With some more digging I found the below changes resulted in a successful redirect to a page of my choosing.

I found that if the SignedOutCallbackPath is set to anything other than /signout-oidc, then on sign out, the user gets redirected to /Account/SignOut. This happens regardless of what SignedOutRedirectUri gets set to, since it's hardcoded into the AccountController provided as part of the Microsoft.Identity.Web.UI nuget package.

This lead to the following OpenIdConnectOptions configuration in Program.cs

builder.Services.Configure<OpenIdConnectOptions>(
    OpenIdConnectDefaults.AuthenticationScheme,
    options => {
        options.SignedOutCallbackPath = "/signout-callback-oidc";
        options.SignedOutRedirectUri = "/Account/SignOut";
});

Next, I implemented my own AccountController, with a route that matches the signout redirect URI /Account/Signout.

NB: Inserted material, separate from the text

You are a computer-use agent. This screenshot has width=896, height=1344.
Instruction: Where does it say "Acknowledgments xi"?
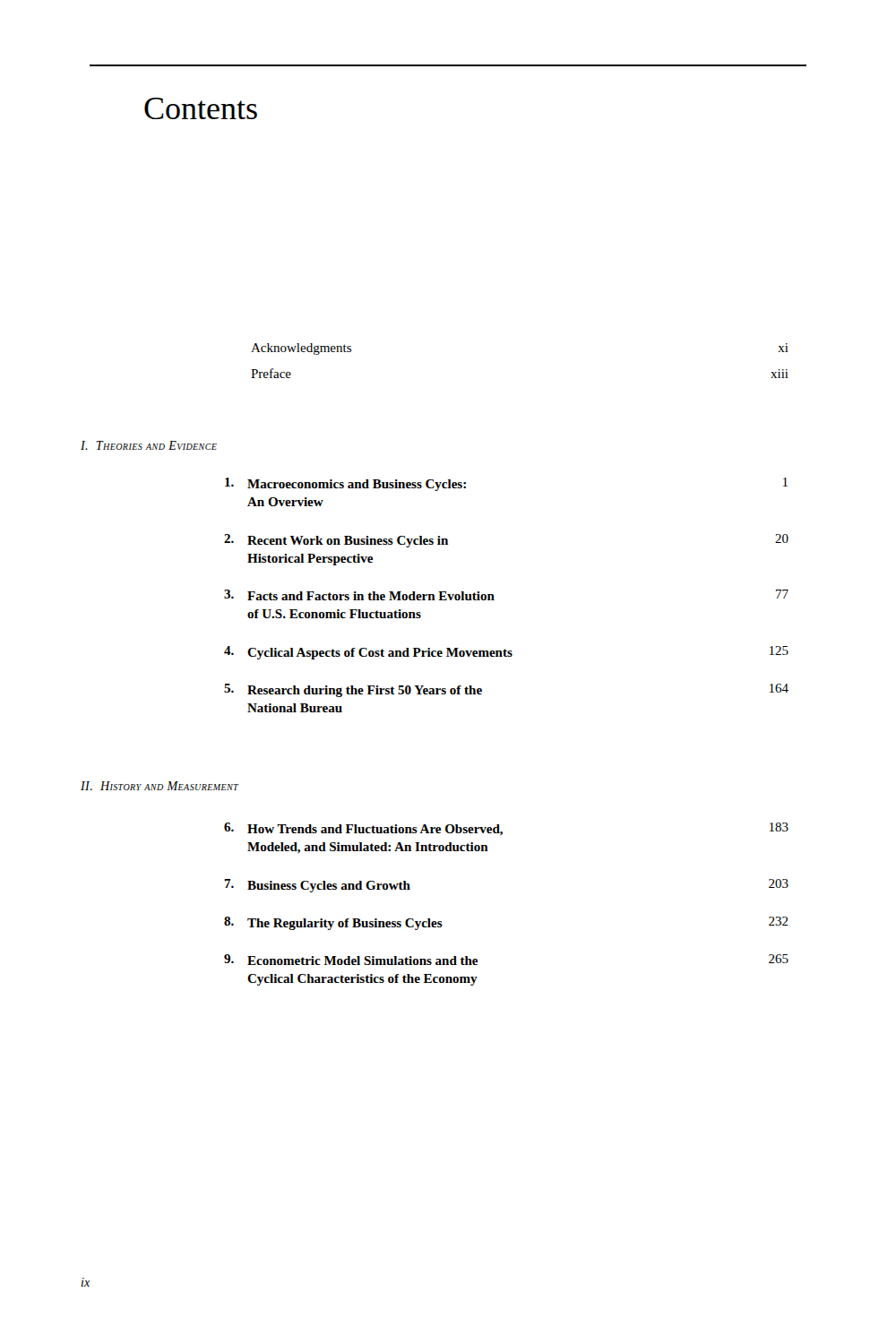[298, 349]

In this controller action, I redirect to the page I want to display:

public class AccountController : Controller
{
    public new IActionResult SignOut()
    {
        base.SignOut();

        return RedirectToAction("Index", "Home");
    }
}

Lastly, I updated my App Registration in Entra ID, setting "Front-channel logout URL" to match that of the SignedOutCallbackPath property:

Users are now correctly redirected to the public home page of the site once they've successfully signed out.

A special thanks to Jalpa Panchal, whose response set me on the path of providing a custom implementation for URI that the site is being redirected to.

Answer 2

Looks like you have already tried all the possible way. Here is one more possible way to redirect user to the logout page:

Create an action method in your HomeController to handle the redirect after signing out.

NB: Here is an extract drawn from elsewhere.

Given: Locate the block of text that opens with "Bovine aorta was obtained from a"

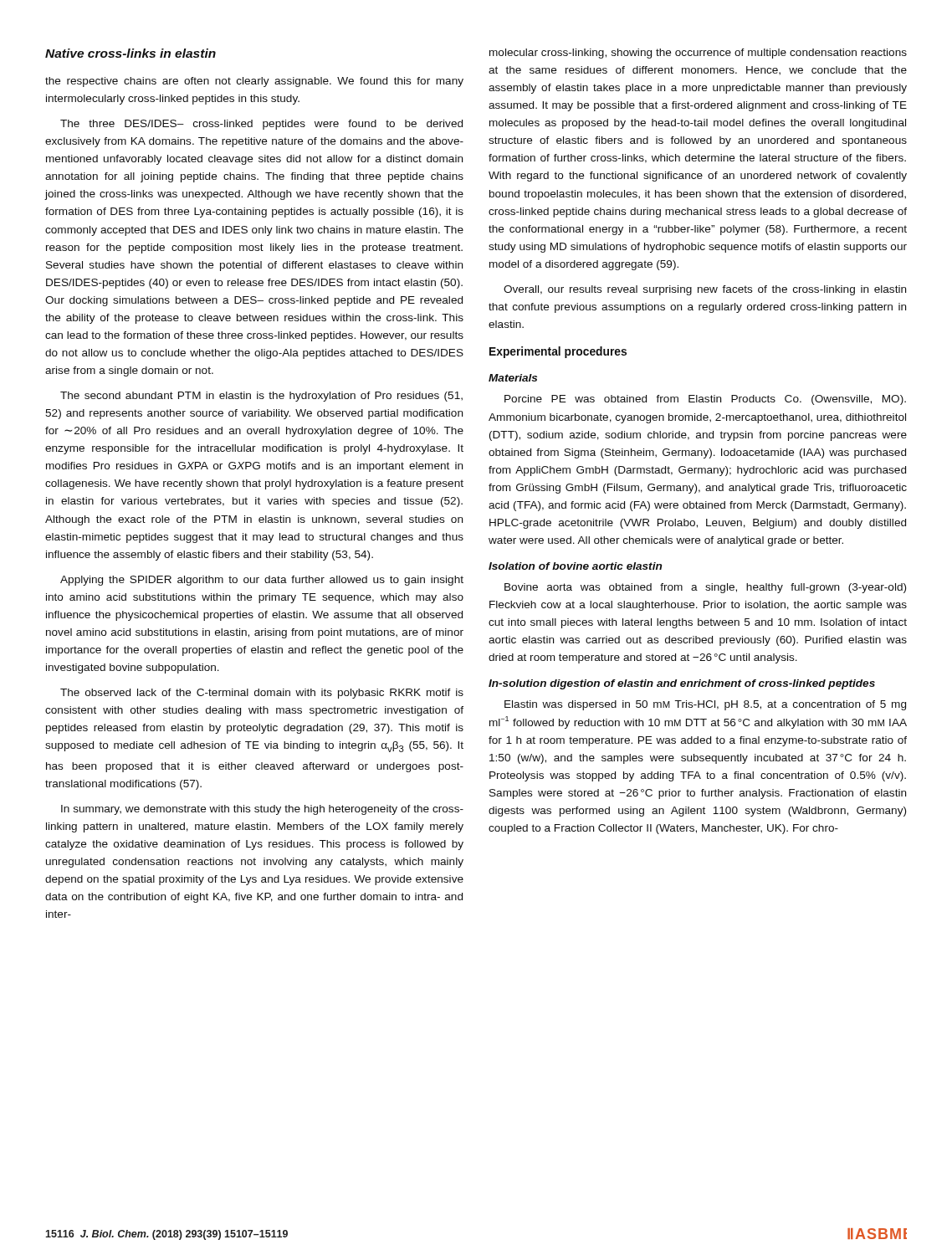Looking at the screenshot, I should (x=698, y=622).

public class HomeController : Controller
{

    public IActionResult SignOutRedirect()
    {
        return RedirectToAction("Index");
    }
}

Update the SignedOutCallbackPath to point to the newly created action method.

builder.Services.Configure<OpenIdConnectOptions>(
    OpenIdConnectDefaults.AuthenticationScheme,
    options =>
    {
        options.SignedOutCallbackPath = "/Home/SignOutRedirect";       

    });

If you are using endpoint routing, make sure that you have the necessary MapControllerRoute or similar configured in the UseEndpoints middleware.

app.UseEndpoints(endpoints =>
{
    endpoints.MapControllerRoute(
        name: "default",
        pattern: "{controller=Home}/{action=Index}/{id?}");
    
});

After this rebuild your application, Clear browser cache and cookie and try to reproduce the issue.